═══ DATA TO PROCESS ═══

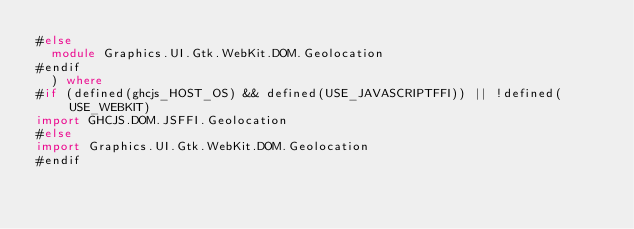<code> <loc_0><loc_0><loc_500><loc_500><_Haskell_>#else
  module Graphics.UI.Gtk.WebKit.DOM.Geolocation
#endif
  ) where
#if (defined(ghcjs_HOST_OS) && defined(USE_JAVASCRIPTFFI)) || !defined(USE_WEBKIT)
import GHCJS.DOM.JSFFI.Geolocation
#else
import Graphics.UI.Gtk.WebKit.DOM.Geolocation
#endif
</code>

═══

WHAT YOU WILL DO: Check each line of the data above for the word "Graphics" and say how many lines contain it, giving nothing besides the number.

REPLY: 2